Leverage your home equity – A great option for Australian homeowners
Posted on 19. Oct, 2011 by admin in Mortgages
Everyone loves his own home as it stands for their peace and shelter. But when you’re in debt, what are you supposed to do? Should you use your real estate property as a piggy bank? With the Australian credit card debt levels increasing gradually, most Aussies are wondering about the prospects of leveraging their home equity in order to repay their unsecured debts. The people staying in Australia can certainly tap their home equity and use it to repay their debts and this is one of the wisest options that they have at their disposal. Read on to know more on these kinds of loans.
What is home equity?
When you take out a home mortgage loan, you’re supposed to repay the loan in monthly installments of interest rate and principal amount. If your home value is $300,000 and the outstanding mortgage loan balance is $250,000, then your home equity is $50,000. Now if you tap your home equity, you can use the proceeds of the loan for repaying your unsecured debt or even for renovating your home.
Should you consolidate your unsecured debts within a home loan?
With the present debt situation in Australia, most debtors are thinking about ways in which they can repay their debt without hurting their credit score and paying a huge amount as interest rates. This is the reason why they’re resorting to the home equity loans in order to repay their existing debt. However they must make sure that they make timely payments on these debts as their home is used as collateral.
What are the benefits of taking out home equity loans in Australia?
When you take out home equity loans, you must be educated on the benefits of taking out one. The home equity loans are secured loans that can be taken out in order to either meet your high interest debt obligations or to renovate your house. Here are some benefits that you must take into account.

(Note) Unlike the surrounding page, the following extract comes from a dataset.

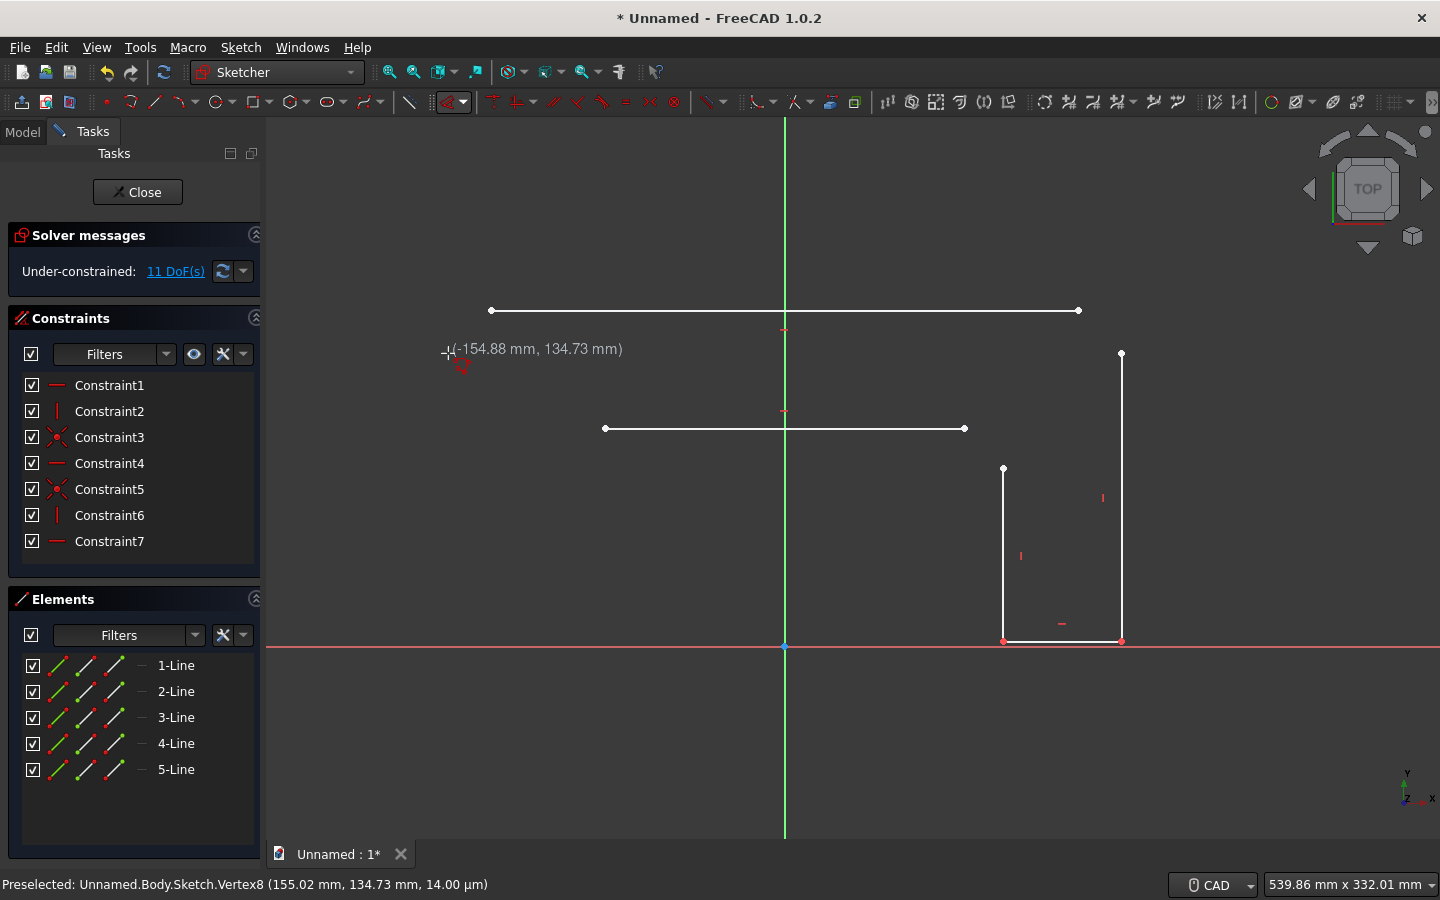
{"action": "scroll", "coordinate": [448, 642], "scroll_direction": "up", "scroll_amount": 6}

Interest rates: The interest rates on the loans will be much lower than that of the unsecured debt consolidation loans. Though they’re much higher than that of the first mortgage loans, yet you can benefit by taking out one. With lower interest rates, you can get soothing monthly payments in a particular month.
Longer repayment plan: The repayment plan for this loan would be much longer and thus you can repay the loans in affordable monthly payments. When you’re in credit card debt, the biggest trouble that they face is the outrageously high monthly payments. This can be beneficial for a high interest debtor.

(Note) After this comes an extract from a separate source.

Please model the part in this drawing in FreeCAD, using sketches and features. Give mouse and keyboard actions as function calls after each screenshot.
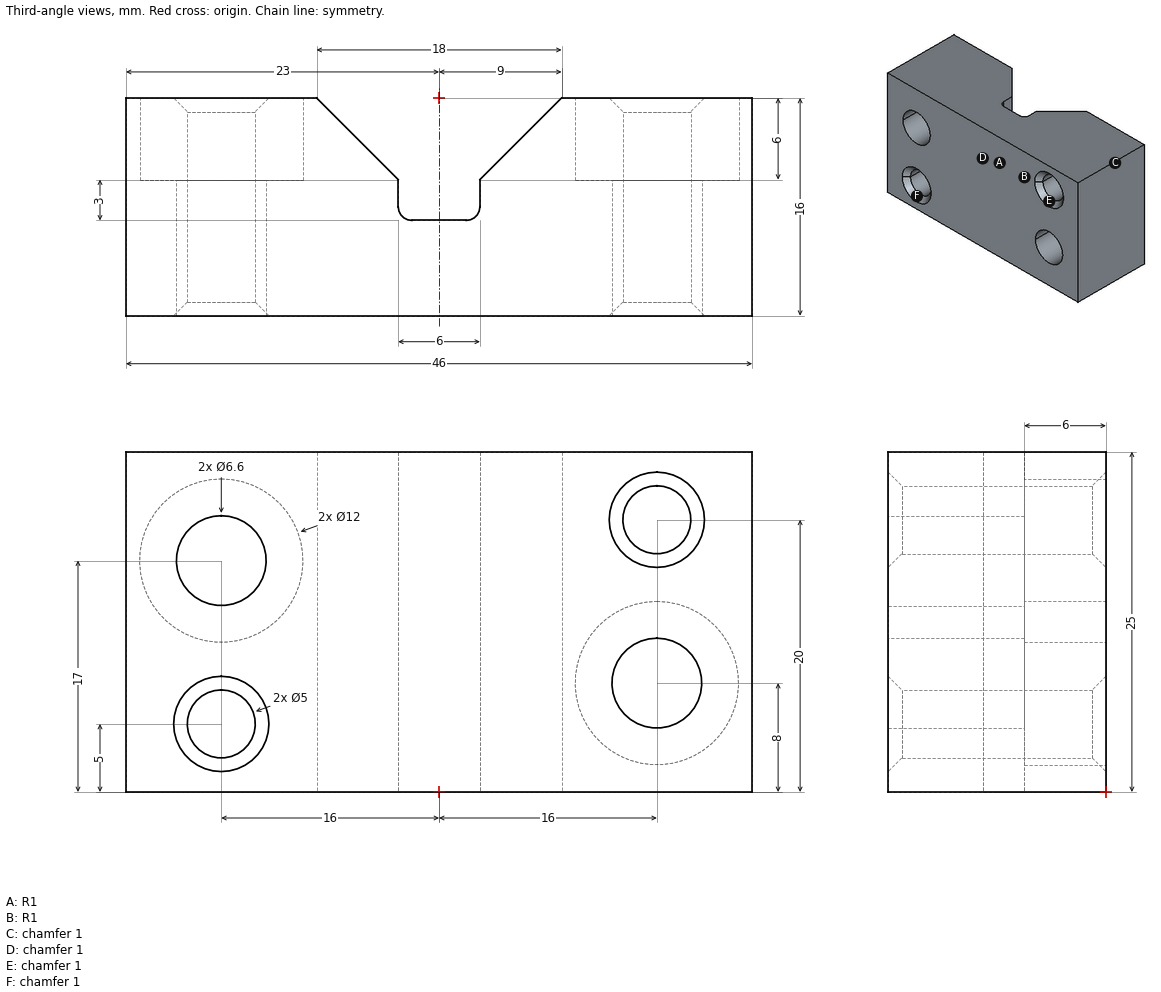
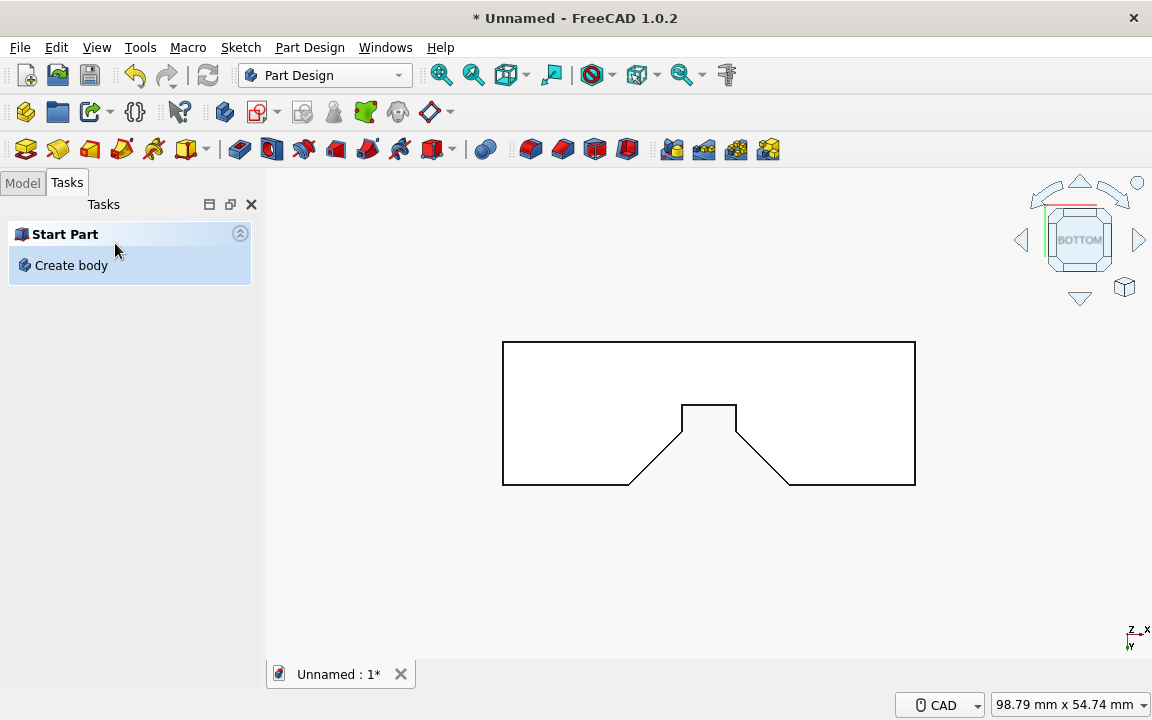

Tax benefits: Secured loan debt is called a good form of debt and therefore the interest rates that you pay on such loans are tax-deductible. This is an added benefit as they can save their bucks in the long run.
Therefore, when you’re in debt in Australia and you don’t have any way out, tap the equity that you’ve accumulated on your real estate property. However, manage your personal finances simultaneously so that you can repay the home equity loan on time.